O triste sapo derrubou um grande beiço, indo, muito jururú, encorujar-se a um canto. Se não disse: "Que buraco!" foi porque essa expressão não era ainda conhecida naquelle tempo.

III — NO PALACIO

O principe consultou o relogio.

— Estou na hora da audiencia, murmurou. Vamos depressa, que tenho muitos casos a attender.

Foram. Entraram directamente para a sala do throno, no qual a menina se sentou ao lado do principe como se fosse princeza. Linda sala! Toda dum coral cor de leite, franjadinho como musgo e penduradinho de pingentes de perola, que tremiam ao menor sopro. O chão de nacar furta-cor era tão liso que a Emilia escorregou tres vezes.

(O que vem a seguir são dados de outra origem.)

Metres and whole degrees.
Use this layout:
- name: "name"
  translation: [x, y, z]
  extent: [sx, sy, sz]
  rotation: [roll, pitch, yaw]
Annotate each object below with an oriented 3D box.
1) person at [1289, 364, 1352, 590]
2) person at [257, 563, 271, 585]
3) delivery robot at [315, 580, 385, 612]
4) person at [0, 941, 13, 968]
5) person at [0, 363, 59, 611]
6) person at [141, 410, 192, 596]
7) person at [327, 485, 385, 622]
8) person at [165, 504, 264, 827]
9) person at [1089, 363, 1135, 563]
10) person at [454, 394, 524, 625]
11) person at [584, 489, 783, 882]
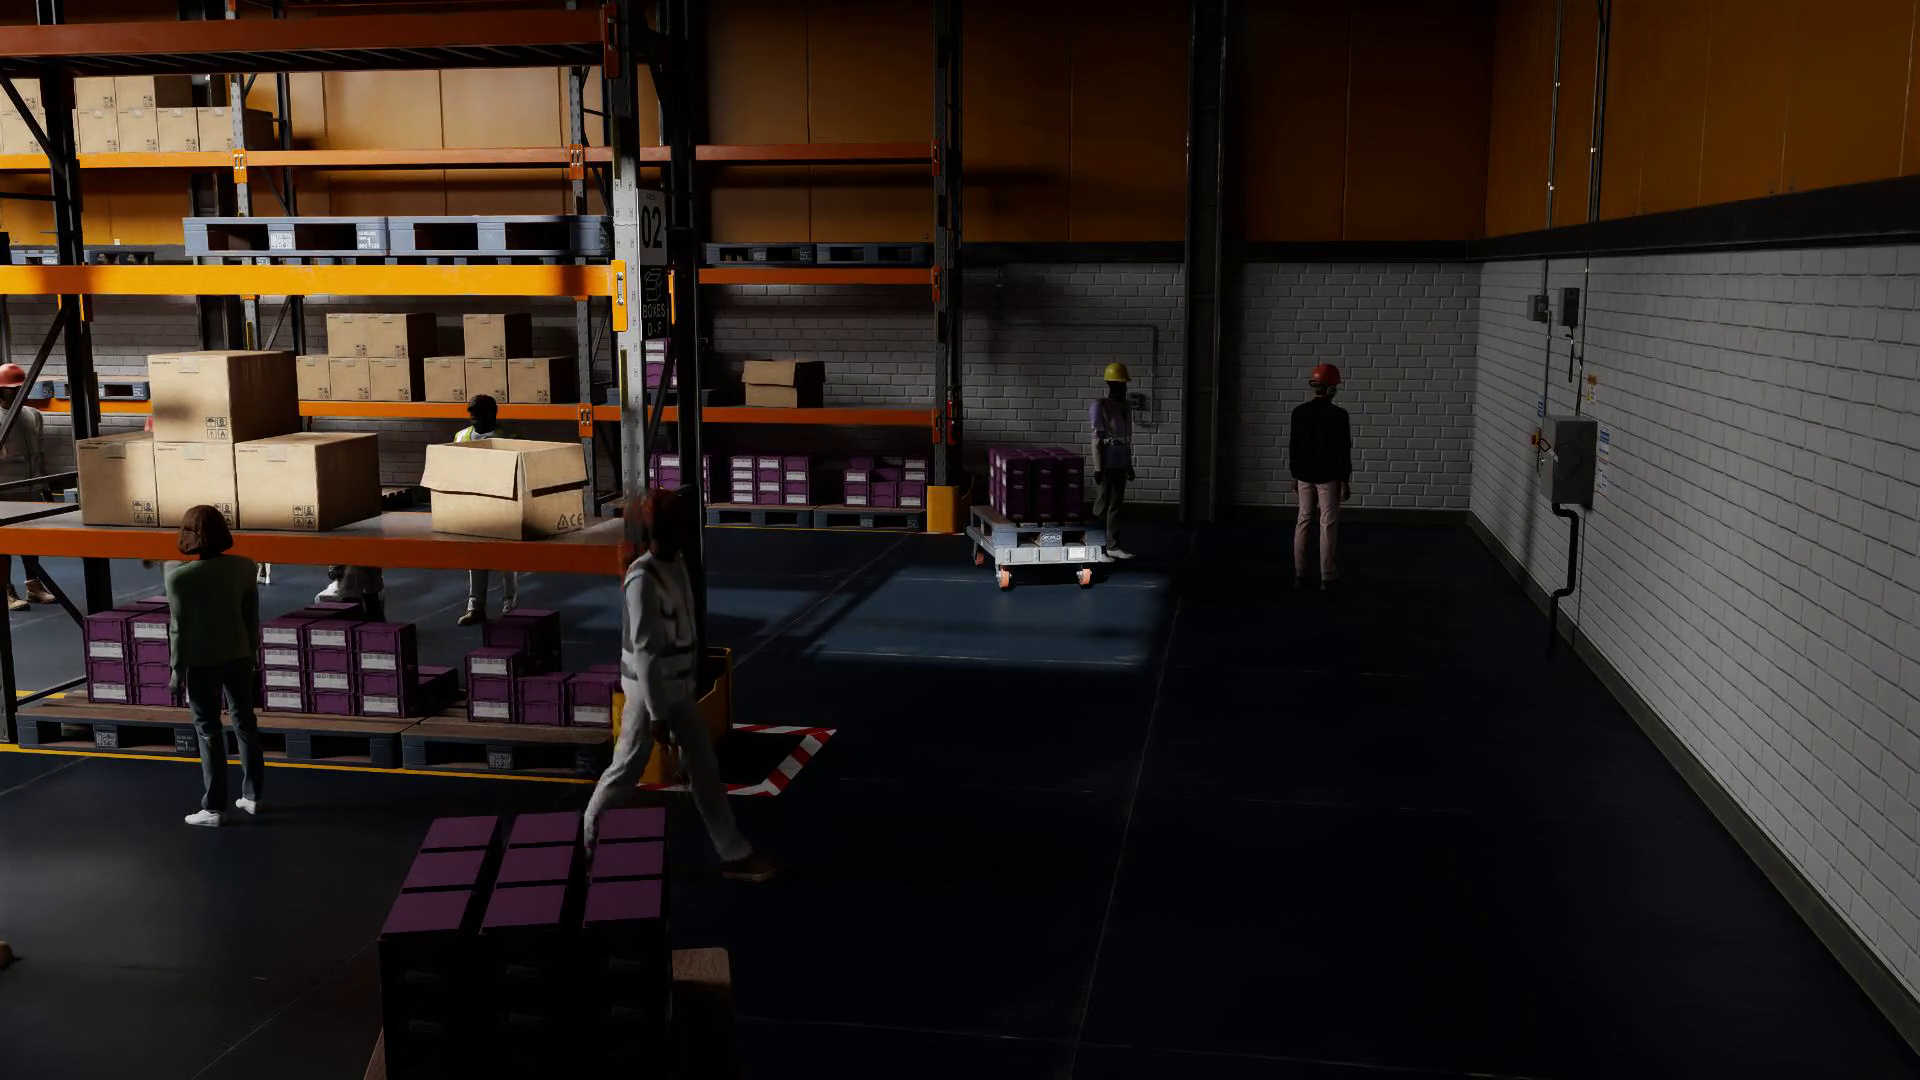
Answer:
- name: "person"
  translation: [3.189, -0.556, 14.673]
  extent: [0.381, 1.994, 0.621]
  rotation: [-8, 12, -43]
- name: "person"
  translation: [-6.308, -0.381, 14.673]
  extent: [0.307, 1.645, 0.517]
  rotation: [3, 10, 18]
- name: "delivery robot"
  translation: [-4.624, 0.448, 12.613]
  extent: [0.477, 0.478, 0.707]
  rotation: [0, 9, -4]
- name: "person"
  translation: [-4.136, 0.735, 6.526]
  extent: [0.685, 2.000, 0.535]
  rotation: [0, 9, -3]
- name: "person"
  translation: [-7.809, -0.441, 13.811]
  extent: [0.372, 2.042, 0.615]
  rotation: [3, 10, 19]
- name: "person"
  translation: [-5.410, -0.003, 11.553]
  extent: [0.557, 1.901, 0.947]
  rotation: [4, 10, 26]
- name: "person"
  translation: [-4.167, 0.112, 11.455]
  extent: [0.318, 1.697, 0.536]
  rotation: [2, 9, 11]
- name: "person"
  translation: [-3.768, 0.630, 8.424]
  extent: [0.282, 1.636, 0.500]
  rotation: [5, 11, 30]
- name: "person"
  translation: [1.489, -0.748, 16.078]
  extent: [0.367, 1.927, 0.584]
  rotation: [8, 12, 40]
- name: "person"
  translation: [-3.730, -0.230, 13.124]
  extent: [0.636, 1.842, 0.429]
  rotation: [2, 9, 13]
- name: "person"
  translation: [-1.363, 0.678, 7.540]
  extent: [1.008, 1.834, 0.602]
  rotation: [2, 9, 10]

O principe deu signal de audiencia batendo com uma grande perola de cabo numa concha sonora. O mordomo introduziu os primeiros queixosos — um bando de molluscos nús que tiritavam de frio. Vinham queixar-se dos Bernardo-Eremitas.

— Quem são esses Bernardos? indagou a menina.

— São uns caranguejos que teem o mau habito de se apropriarem das conchas destes pobres molluscos, deixando-os em carne viva no mar. Os peores ladrões que temos aqui.